Task statement. Among the records below, how many lines contain "object"? State the number and nothing more.

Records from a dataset
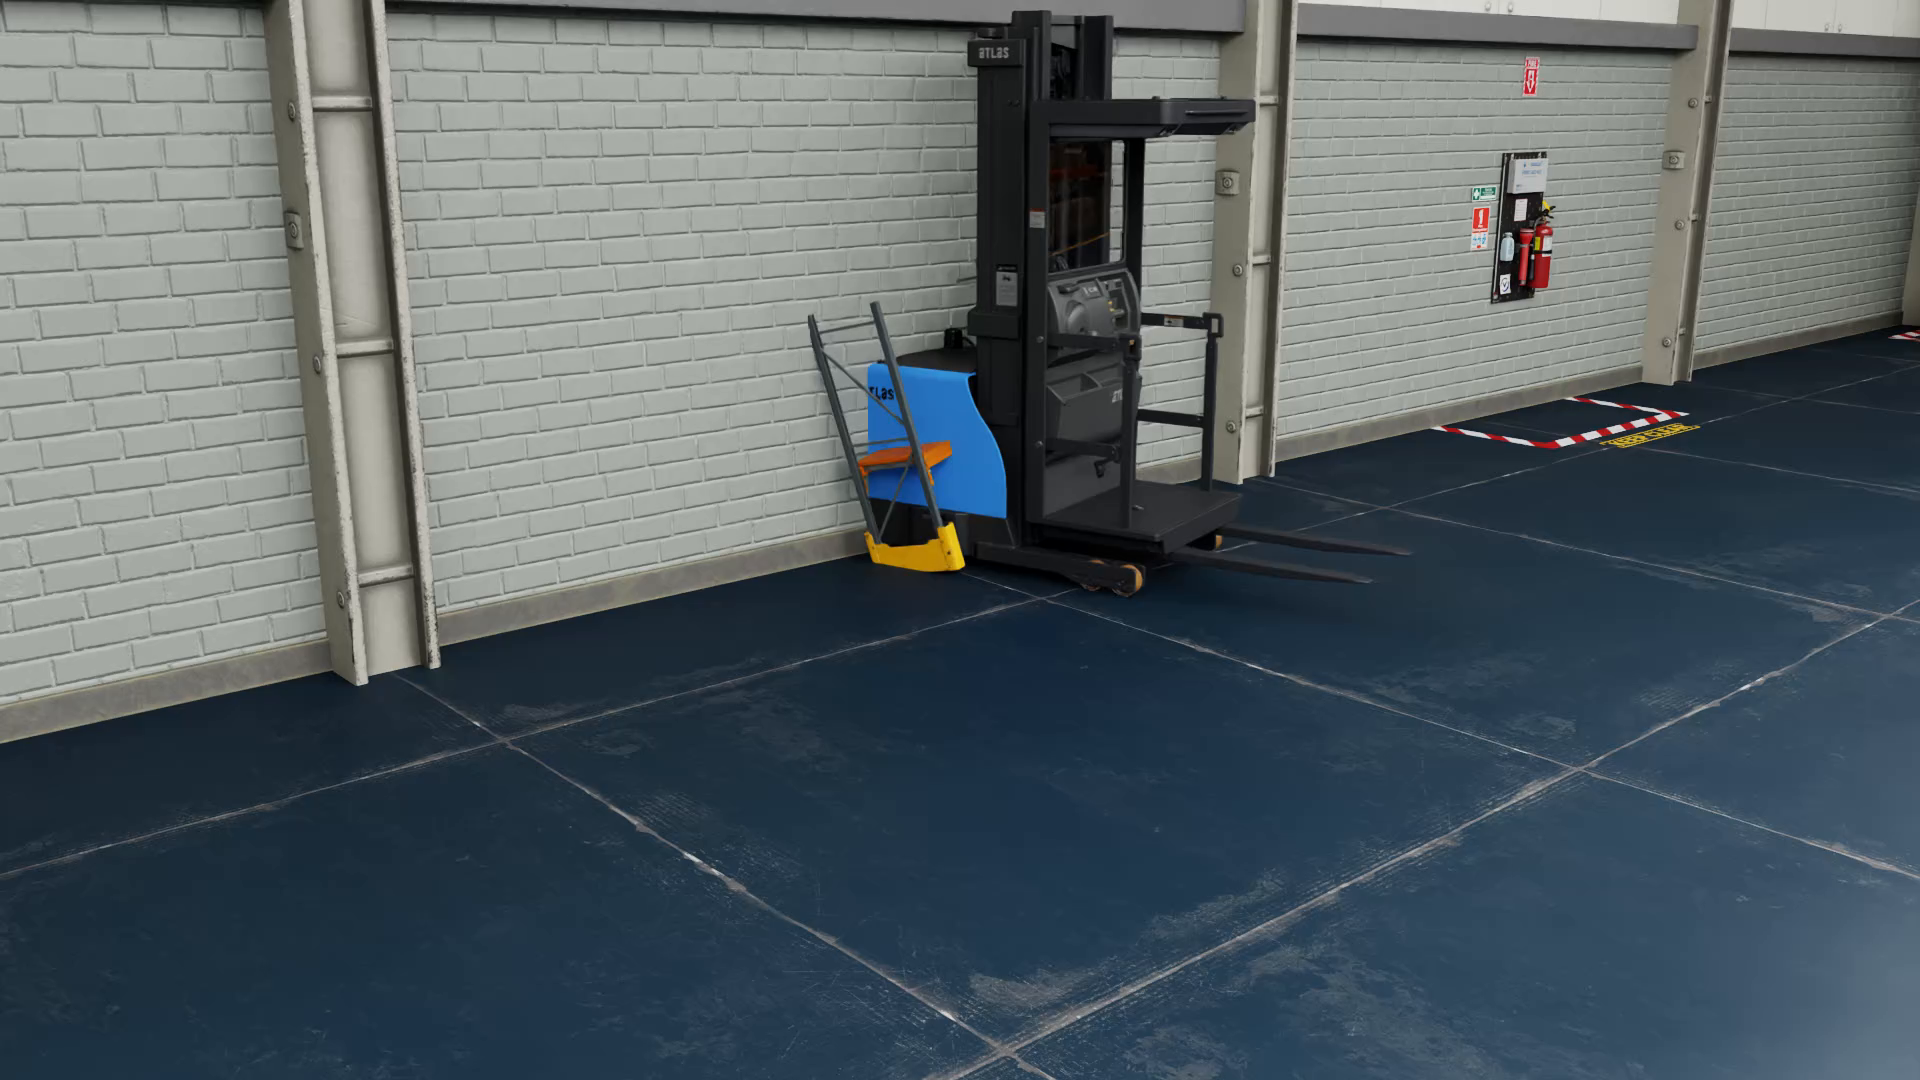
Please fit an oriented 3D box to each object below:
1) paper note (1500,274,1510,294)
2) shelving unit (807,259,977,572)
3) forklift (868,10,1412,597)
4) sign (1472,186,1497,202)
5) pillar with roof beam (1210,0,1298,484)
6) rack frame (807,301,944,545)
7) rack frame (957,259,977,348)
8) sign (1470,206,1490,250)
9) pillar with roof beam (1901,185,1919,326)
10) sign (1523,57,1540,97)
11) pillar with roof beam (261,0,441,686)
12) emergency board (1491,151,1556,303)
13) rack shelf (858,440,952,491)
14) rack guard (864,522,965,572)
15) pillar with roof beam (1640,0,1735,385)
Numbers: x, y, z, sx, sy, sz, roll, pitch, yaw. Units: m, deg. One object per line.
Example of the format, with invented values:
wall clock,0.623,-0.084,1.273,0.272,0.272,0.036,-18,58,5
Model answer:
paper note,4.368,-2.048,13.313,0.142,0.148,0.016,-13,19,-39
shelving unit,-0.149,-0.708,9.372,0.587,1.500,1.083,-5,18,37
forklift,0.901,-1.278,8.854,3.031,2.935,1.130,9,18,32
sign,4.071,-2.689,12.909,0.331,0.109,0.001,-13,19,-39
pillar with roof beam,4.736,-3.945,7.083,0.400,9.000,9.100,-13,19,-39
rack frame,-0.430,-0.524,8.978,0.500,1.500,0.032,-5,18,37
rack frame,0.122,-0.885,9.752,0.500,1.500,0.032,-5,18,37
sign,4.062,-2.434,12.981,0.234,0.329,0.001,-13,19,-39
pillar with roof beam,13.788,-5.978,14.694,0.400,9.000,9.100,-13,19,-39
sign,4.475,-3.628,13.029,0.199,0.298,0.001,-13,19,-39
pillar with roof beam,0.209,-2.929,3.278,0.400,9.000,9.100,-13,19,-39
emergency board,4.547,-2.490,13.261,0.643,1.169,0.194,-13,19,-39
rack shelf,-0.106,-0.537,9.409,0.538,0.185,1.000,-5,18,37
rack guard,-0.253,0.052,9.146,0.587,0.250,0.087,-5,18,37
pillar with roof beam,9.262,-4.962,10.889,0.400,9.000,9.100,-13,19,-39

Response. 2